Empirical evidence on the impact of fiscal policy on economic performance is diverse and inconclusive, which is perhaps not surprising given the complexity of the transmission channels involved. There are significant methodological difficulties in separating the effects of fiscal policy changes from those of other factors, and in identifying the size of the effects.

4. Policy implications

The other strategy for fiscal policy is to spend more on government services or less on goods subsidies so that a given volume of employment and national income is obtained with more resources devoted to government services—and hence with a higher average quality of alternative resources used. This strategy would involve: a shift of resources, or resources in training, from the private to the government sector… in order to increase government supply capabilities in relative terms and also in terms of their productivity; a shift of resources from industries producing private are to those producing public services in order to improve the quality of government services; and an increase in the average quality of human resources used at each occupation.

If the results of this paper are accepted, that is, government services enable the private sector to obtain a higher standard of living than it could otherwise attain, the next step is to examine policy implications. The analysis in the paper indicates that there are at least three alternative strategies for fiscal policy depending on the problem involved in attaining higher employment and national income, and each strategy has certain definite implications for the kind of government service and type of taxation that should be used. Any of the three strategies can be pursued at any level of employment, but for expository purposes it is convenient to discuss each strategy under the assumption that there is substantial unemployment.

5. Conclusion

The main impact of fiscal policy on the UK economy has been to change AD. AD is the total level of planned expenditure in an economy; it is the total amount of goods and services that will be purchased at all possible price levels.
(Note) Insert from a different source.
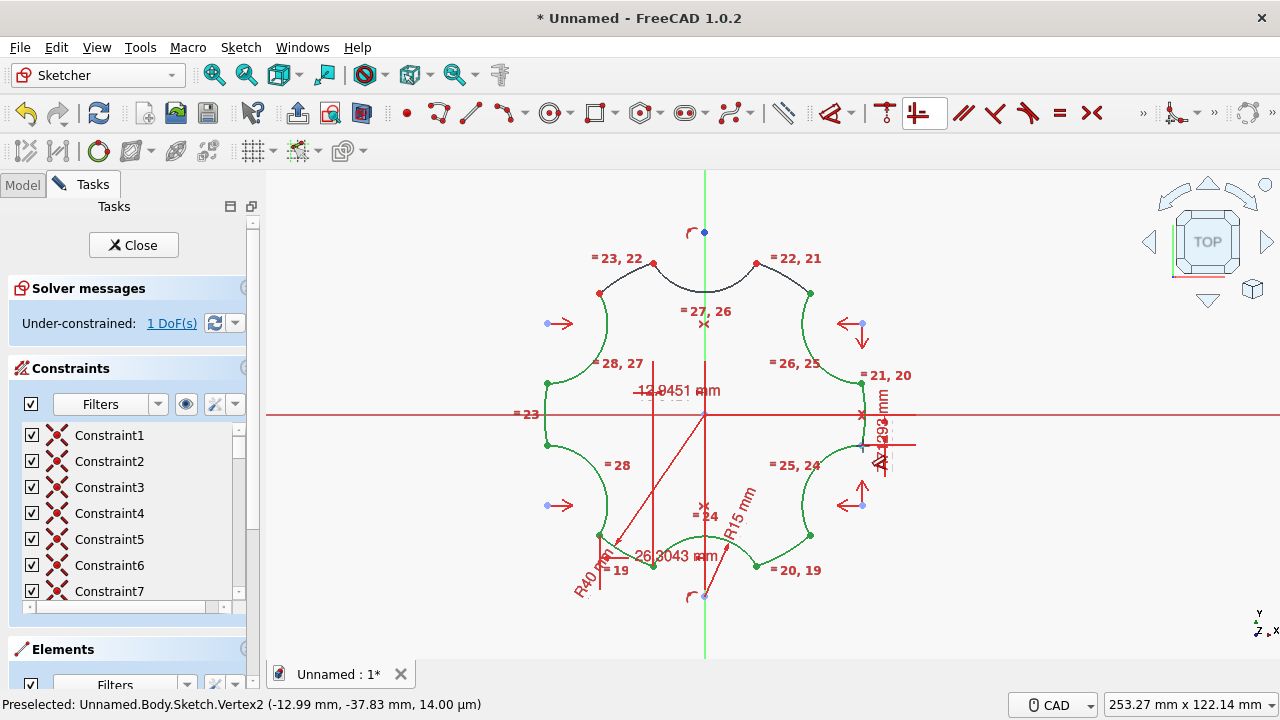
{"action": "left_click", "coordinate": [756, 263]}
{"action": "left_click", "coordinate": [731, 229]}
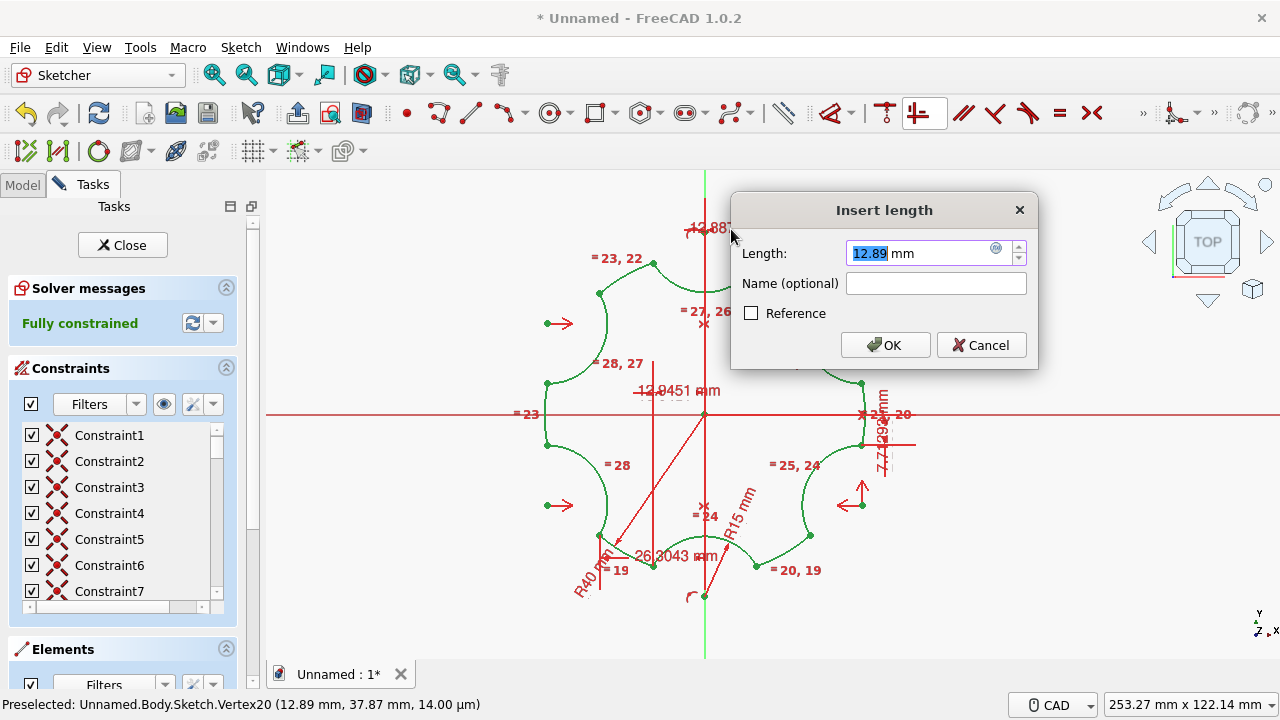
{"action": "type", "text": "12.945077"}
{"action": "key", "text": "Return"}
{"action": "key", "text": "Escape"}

An increase in government spending involves an injection of demand into the economy; it will lead to a shift in the AD curve to the right. This will lead to an increase in the equilibrium level of national income and therefore achieve economic growth. Economic growth is an increase in national income NDP over time. It results in an improvement in living standards and increased employment as labor demand will increase. It is argued that an increase in government spending will lead to a multiplied increase in national income. This is because the extra injection of demand will cause the national income to increase to a new equilibrium level. This will therefore lead to multiple rounds of increased employment and output until the effect dies out.

Fiscal policy is the use of government’s revenue and expenditure as tools to influence the economy. Through the use of government spending and taxation, this can attempt to achieve the desired economic objectives. These can include changes to the rate of economic growth, inflation, unemployment, and the balance of payments. Expansionary fiscal policy involves the government increasing spending and reducing taxes in order to increase aggregate demand (AD) and achieve economic objectives. Conversely, deflationary fiscal policy involves a decrease in government spending and an increase in taxation to reduce AD.